Content starts

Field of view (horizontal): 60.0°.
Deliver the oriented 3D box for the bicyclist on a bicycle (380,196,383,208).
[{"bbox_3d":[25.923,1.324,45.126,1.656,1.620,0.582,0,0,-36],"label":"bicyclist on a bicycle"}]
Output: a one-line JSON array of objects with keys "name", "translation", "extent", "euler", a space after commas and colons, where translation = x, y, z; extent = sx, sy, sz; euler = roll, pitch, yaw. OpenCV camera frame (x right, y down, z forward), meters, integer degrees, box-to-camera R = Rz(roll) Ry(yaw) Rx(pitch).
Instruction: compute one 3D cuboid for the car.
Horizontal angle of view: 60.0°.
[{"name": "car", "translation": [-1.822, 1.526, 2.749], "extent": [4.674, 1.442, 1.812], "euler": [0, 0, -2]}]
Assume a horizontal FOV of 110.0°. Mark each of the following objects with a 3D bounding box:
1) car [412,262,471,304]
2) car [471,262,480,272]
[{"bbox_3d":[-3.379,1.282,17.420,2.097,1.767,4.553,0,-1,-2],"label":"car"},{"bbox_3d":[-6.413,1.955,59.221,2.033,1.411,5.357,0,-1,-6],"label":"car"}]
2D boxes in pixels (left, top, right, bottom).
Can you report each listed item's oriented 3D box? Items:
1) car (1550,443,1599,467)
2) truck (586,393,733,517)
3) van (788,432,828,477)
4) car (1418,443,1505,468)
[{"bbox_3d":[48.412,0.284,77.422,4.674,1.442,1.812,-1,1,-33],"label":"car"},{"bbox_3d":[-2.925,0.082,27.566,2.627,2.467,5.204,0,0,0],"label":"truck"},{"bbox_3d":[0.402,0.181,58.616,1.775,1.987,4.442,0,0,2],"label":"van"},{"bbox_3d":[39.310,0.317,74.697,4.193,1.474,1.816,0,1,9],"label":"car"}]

Content ends
Content starts

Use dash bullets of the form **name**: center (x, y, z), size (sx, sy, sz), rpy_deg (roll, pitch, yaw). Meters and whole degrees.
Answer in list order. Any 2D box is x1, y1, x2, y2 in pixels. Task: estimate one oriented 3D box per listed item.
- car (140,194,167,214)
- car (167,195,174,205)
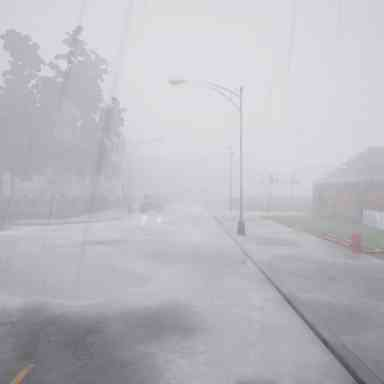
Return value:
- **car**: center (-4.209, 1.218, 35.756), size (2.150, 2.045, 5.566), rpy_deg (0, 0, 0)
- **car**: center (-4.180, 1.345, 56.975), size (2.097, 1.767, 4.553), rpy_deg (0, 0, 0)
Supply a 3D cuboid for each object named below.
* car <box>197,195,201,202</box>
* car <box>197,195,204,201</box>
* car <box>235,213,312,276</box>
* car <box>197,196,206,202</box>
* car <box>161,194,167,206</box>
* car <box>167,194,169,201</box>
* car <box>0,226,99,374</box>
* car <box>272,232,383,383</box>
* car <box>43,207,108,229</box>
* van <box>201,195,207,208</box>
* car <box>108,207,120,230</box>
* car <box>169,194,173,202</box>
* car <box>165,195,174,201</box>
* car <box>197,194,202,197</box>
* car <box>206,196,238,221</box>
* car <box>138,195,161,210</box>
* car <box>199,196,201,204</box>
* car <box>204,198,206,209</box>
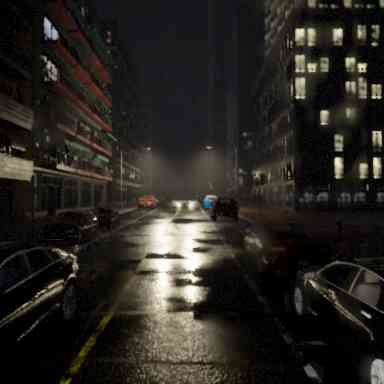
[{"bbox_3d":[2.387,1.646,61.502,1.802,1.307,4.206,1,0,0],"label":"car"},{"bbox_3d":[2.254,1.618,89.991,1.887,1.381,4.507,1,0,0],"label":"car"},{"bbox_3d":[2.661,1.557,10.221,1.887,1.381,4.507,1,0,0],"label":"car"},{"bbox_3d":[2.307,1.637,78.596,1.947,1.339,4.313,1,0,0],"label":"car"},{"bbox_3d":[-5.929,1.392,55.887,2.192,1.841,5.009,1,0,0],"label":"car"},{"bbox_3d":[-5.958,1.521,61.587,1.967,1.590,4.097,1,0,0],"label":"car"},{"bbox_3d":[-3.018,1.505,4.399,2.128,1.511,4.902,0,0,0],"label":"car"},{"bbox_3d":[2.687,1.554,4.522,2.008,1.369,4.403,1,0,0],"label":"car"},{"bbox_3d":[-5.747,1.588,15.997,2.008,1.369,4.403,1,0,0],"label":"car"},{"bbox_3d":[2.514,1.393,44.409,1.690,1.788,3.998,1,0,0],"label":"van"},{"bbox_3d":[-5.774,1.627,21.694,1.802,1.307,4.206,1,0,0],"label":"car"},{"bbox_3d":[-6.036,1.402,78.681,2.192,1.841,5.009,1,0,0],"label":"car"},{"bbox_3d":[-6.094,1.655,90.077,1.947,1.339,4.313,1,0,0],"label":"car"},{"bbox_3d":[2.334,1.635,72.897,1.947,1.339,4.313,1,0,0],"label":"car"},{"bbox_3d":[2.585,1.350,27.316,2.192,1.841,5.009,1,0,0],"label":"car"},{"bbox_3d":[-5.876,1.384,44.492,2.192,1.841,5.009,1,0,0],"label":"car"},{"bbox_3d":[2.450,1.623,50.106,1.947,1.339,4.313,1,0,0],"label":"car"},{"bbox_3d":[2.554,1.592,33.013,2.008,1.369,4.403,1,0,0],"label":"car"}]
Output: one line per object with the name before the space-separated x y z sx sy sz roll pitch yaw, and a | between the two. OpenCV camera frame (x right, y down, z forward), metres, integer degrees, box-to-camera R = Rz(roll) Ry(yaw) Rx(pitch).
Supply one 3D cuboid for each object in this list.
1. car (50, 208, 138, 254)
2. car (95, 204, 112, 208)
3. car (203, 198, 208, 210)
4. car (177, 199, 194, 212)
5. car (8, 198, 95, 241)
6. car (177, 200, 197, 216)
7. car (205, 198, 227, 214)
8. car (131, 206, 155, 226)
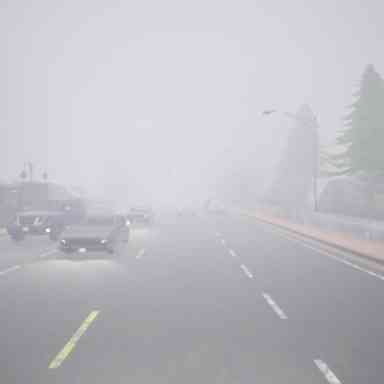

Content ends

■ REQUIRED WORK:
Bring together all lines in the records where the word "cuboid" is found.

■ RESULT OF THIS TASK:
Instruction: compute one 3D cuboid for the car.
Supply a 3D cuboid for each object named below.
Supply one 3D cuboid for each object in this list.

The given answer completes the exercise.